On a essayé de varier au maximum. Pour le Jay Reatard, on ne voulait pas que des groupes garage ou, pour The Fall, que des groupes de post-punk.
On a contacté quelques artistes que l'on voulait absolument comme Frustration que The Fall intéresserait forcément.
On avait une short list, certains ont refusé comme Arnaud Rebotini, faute de temps, ou Dominique A qui ne voyait pas quoi faire de plus avec un morceau de The Fall. The Limiñanas qui étaient sur le Jay Reatard et Étienne Daho n'ont pas donné suite. D'autres ont accepté comme Michel Cloup, Cannibale ou Le Villejuif Underground. Et comme on a la volonté de toujours impliquer des groupes locaux, on a choisi The Scaners, Spitzer ou Delacave qui sont de la région.

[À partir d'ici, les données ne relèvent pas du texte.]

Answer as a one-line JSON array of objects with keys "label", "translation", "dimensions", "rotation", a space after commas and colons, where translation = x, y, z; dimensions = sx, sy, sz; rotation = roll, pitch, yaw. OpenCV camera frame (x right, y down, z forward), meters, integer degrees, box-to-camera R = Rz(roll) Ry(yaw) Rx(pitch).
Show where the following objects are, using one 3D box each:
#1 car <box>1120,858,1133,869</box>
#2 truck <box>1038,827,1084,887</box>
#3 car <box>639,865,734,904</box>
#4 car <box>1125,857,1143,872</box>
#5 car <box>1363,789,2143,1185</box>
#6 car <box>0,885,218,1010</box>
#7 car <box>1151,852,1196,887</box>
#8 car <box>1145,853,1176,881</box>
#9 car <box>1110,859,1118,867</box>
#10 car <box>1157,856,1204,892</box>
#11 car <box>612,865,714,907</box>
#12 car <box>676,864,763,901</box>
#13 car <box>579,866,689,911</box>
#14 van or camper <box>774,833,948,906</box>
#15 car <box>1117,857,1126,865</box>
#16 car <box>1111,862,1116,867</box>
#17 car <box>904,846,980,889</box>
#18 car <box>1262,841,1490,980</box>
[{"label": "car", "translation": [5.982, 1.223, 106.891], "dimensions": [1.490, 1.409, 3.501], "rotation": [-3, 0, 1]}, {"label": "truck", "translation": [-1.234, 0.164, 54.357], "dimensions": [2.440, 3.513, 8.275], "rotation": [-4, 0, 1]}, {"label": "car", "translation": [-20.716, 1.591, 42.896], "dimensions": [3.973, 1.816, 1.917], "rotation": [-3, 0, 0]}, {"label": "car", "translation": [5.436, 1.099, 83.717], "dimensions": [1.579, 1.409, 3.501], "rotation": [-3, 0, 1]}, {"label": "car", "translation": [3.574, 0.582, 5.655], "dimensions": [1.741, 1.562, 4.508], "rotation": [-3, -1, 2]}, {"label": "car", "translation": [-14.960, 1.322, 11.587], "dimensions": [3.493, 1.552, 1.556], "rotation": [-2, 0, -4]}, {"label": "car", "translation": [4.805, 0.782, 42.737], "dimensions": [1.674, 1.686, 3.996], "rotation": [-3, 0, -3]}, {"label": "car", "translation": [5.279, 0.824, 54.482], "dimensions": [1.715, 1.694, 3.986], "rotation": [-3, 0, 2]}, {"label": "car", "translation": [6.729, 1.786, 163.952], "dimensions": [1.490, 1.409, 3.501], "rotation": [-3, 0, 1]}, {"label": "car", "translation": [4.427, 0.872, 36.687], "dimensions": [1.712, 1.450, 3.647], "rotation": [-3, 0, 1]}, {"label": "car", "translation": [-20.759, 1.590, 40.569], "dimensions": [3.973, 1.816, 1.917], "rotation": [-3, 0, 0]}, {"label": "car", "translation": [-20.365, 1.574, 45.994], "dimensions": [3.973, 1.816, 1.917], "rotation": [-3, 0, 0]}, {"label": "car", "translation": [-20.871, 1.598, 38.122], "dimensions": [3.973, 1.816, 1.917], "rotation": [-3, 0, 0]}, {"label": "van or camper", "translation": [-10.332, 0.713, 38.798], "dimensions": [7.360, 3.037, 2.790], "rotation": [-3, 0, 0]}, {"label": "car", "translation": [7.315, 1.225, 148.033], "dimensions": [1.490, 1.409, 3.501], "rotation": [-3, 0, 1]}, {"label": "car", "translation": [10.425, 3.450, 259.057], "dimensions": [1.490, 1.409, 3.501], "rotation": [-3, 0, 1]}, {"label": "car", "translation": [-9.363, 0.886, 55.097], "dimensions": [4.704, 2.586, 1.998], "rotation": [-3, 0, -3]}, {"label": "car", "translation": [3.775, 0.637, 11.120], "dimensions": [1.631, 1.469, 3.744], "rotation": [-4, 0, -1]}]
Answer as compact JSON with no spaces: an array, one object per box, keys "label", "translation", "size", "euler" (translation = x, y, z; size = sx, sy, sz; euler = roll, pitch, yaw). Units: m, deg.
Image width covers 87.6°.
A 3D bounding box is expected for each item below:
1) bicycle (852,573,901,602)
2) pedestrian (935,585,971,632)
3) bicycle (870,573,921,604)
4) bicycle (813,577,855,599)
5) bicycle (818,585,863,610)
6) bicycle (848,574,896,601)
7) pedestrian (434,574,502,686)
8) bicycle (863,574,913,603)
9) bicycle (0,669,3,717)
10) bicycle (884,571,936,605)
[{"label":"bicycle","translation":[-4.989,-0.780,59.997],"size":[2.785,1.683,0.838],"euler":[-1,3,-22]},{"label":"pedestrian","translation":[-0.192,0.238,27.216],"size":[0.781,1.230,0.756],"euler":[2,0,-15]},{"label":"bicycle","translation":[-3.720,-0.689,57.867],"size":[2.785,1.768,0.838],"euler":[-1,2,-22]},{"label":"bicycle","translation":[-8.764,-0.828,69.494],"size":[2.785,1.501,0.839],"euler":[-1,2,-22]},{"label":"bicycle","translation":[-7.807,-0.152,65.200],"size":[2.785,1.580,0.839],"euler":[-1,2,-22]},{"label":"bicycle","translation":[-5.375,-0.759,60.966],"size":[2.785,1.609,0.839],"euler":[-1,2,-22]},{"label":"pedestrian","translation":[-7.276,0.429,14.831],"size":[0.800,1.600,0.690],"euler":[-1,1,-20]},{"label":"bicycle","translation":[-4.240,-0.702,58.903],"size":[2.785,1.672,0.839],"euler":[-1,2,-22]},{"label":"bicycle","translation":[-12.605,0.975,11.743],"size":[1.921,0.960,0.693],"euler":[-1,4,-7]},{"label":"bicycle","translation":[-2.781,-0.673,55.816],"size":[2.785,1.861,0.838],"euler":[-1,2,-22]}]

Et le choix des chansons dans cette discographique indéchiffrable ?
Ç'a été compliqué – parce que The Fall repose quand même beaucoup sur la personnalité et le phrasé de Mark E. Smith – et simple à la fois. On avait là aussi une short list de morceaux pour aiguiller les groupes. Mnnqns a tout de suite opté pour Totally Wired qui est peut-être le seul morceau emblématique de The Fall. Michel Cloup, lui, a livré une véritable adaptation en français de The Classical. Au final, on n'a rien imposé et les groupes s'en sont vraiment bien sortis.
Que préparez-vous pour la suite ?
Tout est en suspens depuis qu'on est à fond sur le tribute et on va voir dans les prochains mois comment il se vend. On est régulièrement sollicités par des groupes lyonnais pour les aider à faire un disque et on a toujours cette idée de sortir un nouveau tribute chaque fois qu'un musicien qu'on aime bien casse sa pipe (rires). Mais ça ne sera pas pour tout de suite. Quand on a de la trésorerie, on travaille sur des projets particuliers, comme le maxi split H-Burns / Troy Von Balthazar. On aimerait bien sortir un 45t, c'est un format qu'on n'a jamais fait, ça coûte un peu plus cher mais ça nous plairait beaucoup.